Decreto-Lei n.º 28-B/2020

CourtPresidência do Conselho de Ministros
SectionSerie I
ELIhttps://data.dre.pt/eli/dec-lei/28-B/2020/06/26/p/dre
Published date26 Junho 2020

Decreto-Lei n.º 28-B/2020

de 26 de junho

Sumário: Estabelece o regime contraordenacional, no âmbito da situação de calamidade, contingência e alerta.

A situação epidemiológica em Portugal, originada pela doença COVID-19, tem vindo a exigir do Governo a implementação de medidas extraordinárias com vista à prevenção da sua transmissão.
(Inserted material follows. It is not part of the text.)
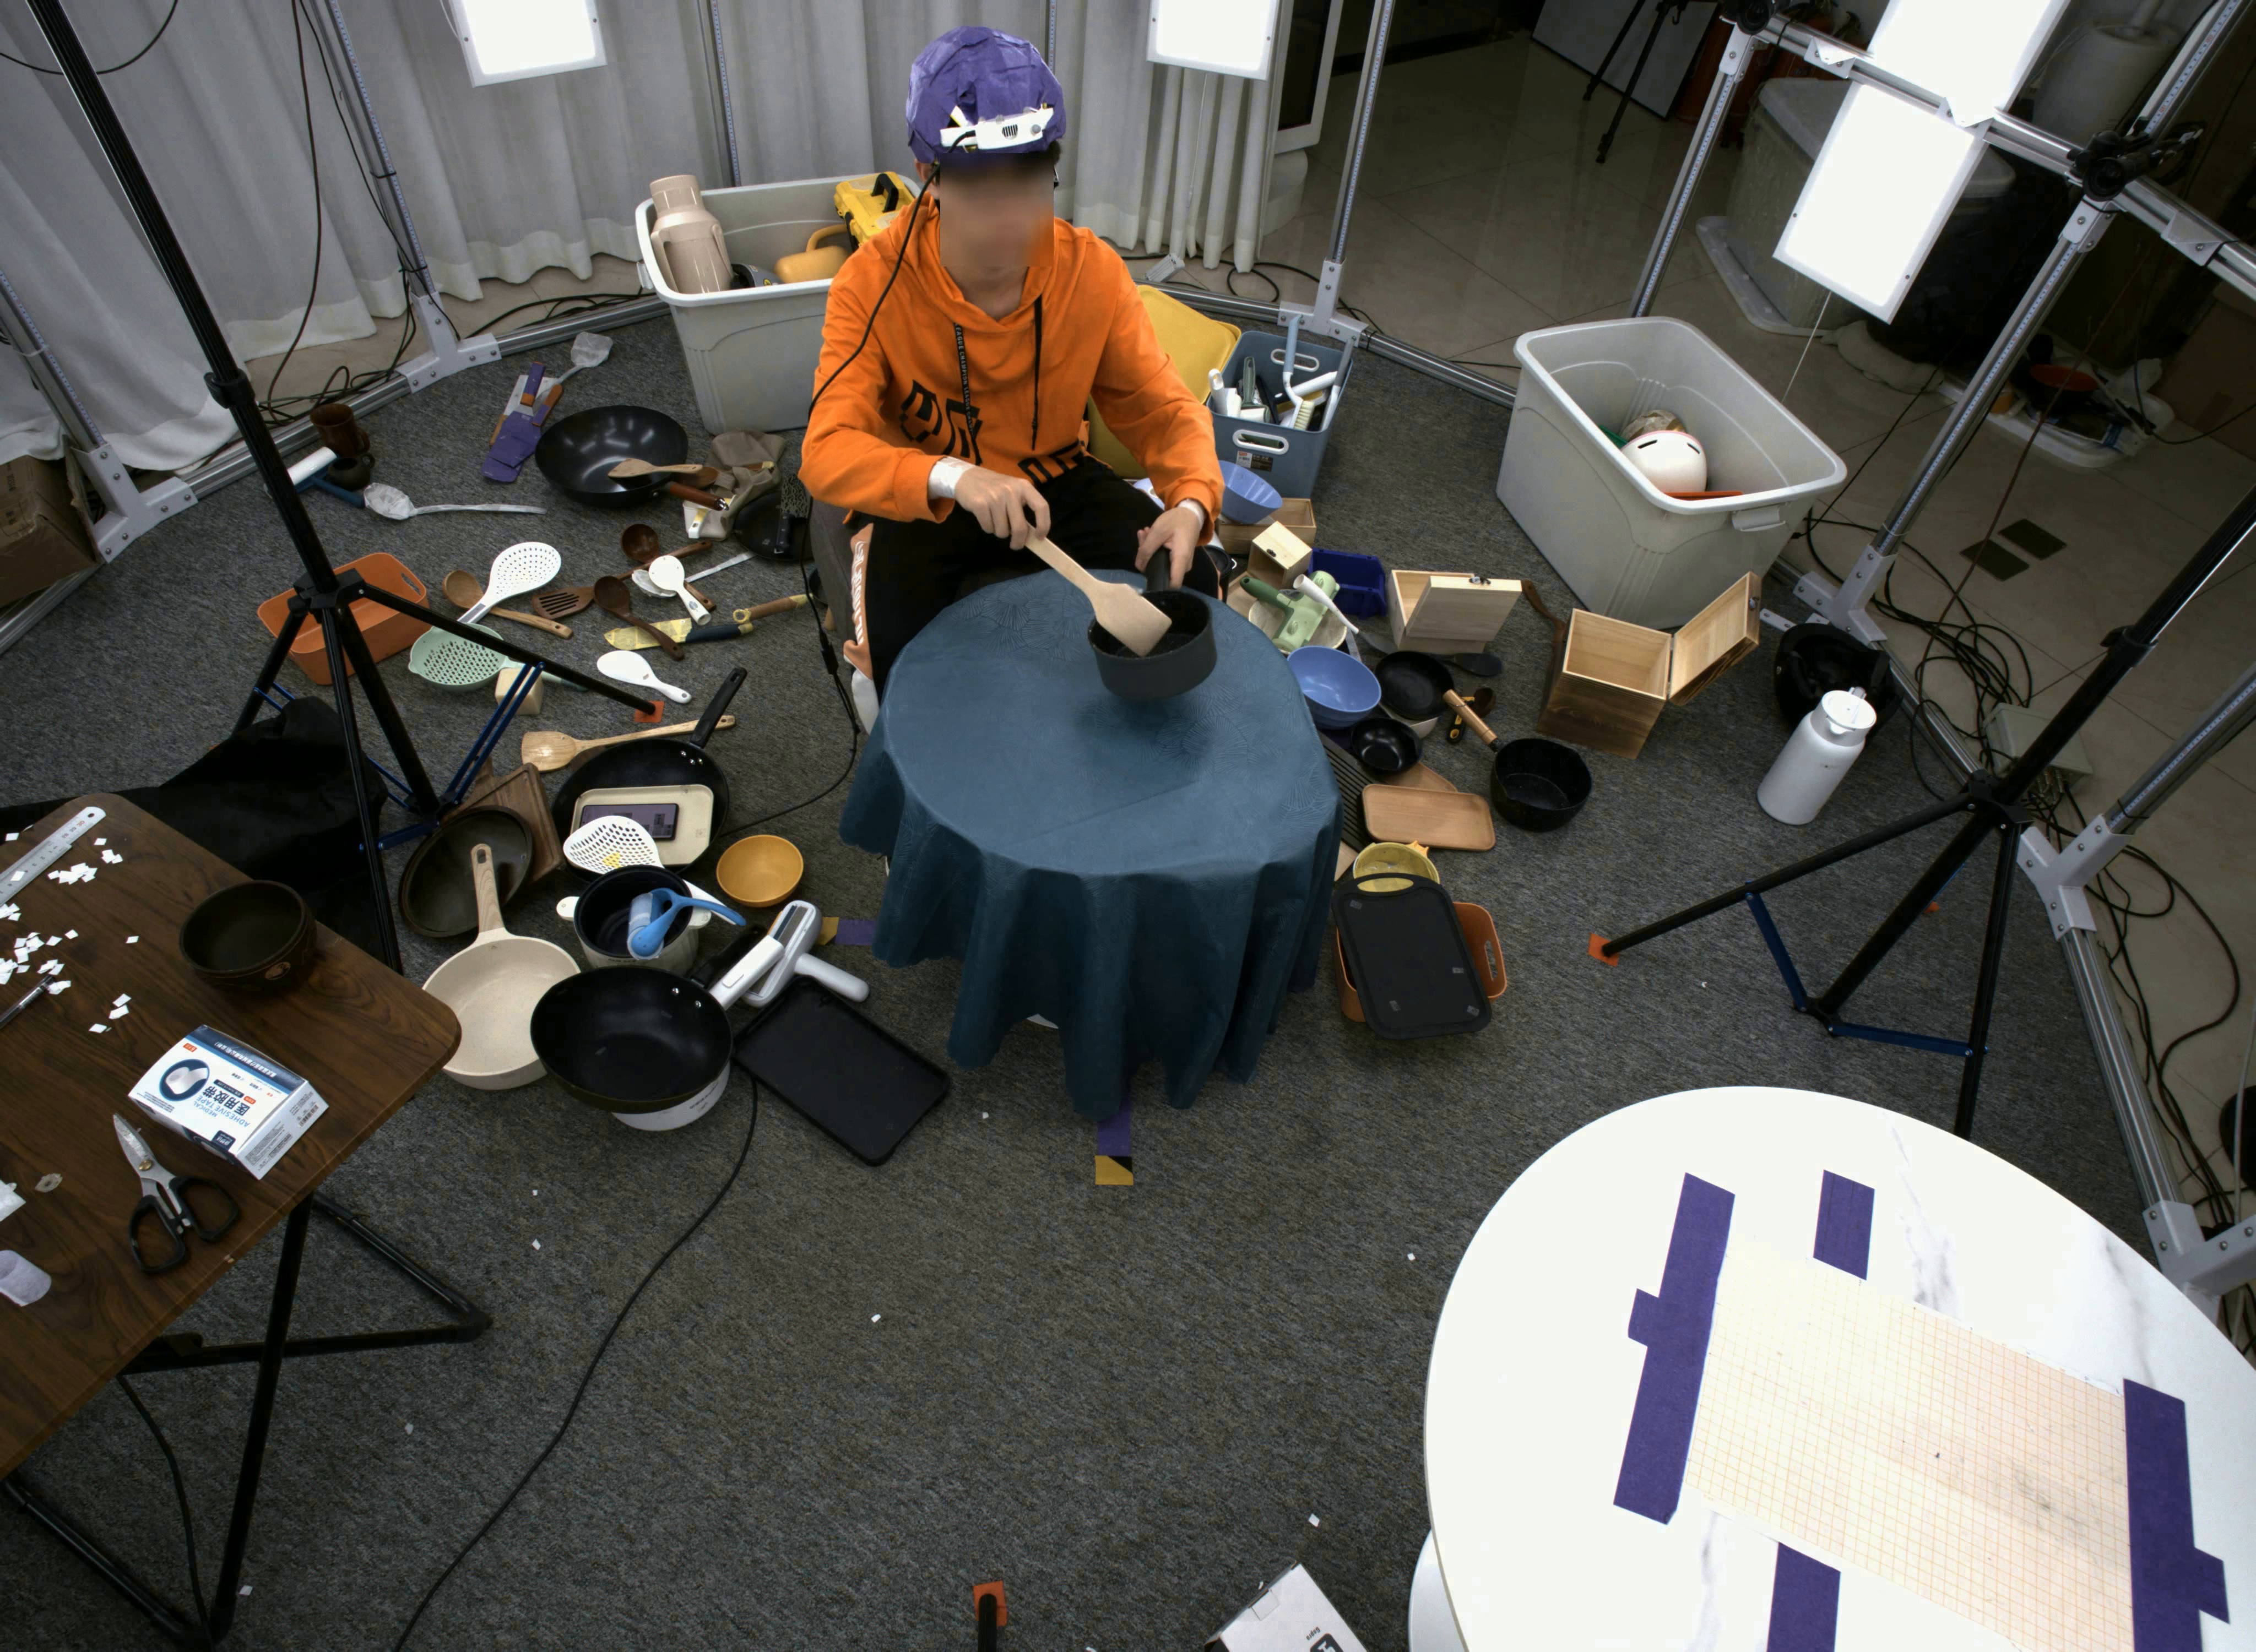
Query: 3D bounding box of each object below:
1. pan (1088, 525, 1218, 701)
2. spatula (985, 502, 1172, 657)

Apesar da tendência atual de evolução da situação epidemiológica, verifica-se que os novos contágios decorrem, frequentemente, de situações de incumprimento das normas de distanciamento físico, em especial em eventos que implicam a aglomeração de pessoas.

Torna-se necessário, portanto, associar o incumprimento das disposições que visam assegurar a adoção de práticas sociais adequadas à aplicação de sanções administrativas com efeito predominantemente dissuasor. Com efeito, o facto de terem ocorrido incumprimentos a estas regras evidencia que se torna essencial a criação de um regime sancionatório que assegure o escrupuloso cumprimento, pela população, das medidas que são indispensáveis à contenção da infeção, como são, por exemplo, o dever de manter o distanciamento físico e as medidas destinadas a evitar a aglomeração de pessoas.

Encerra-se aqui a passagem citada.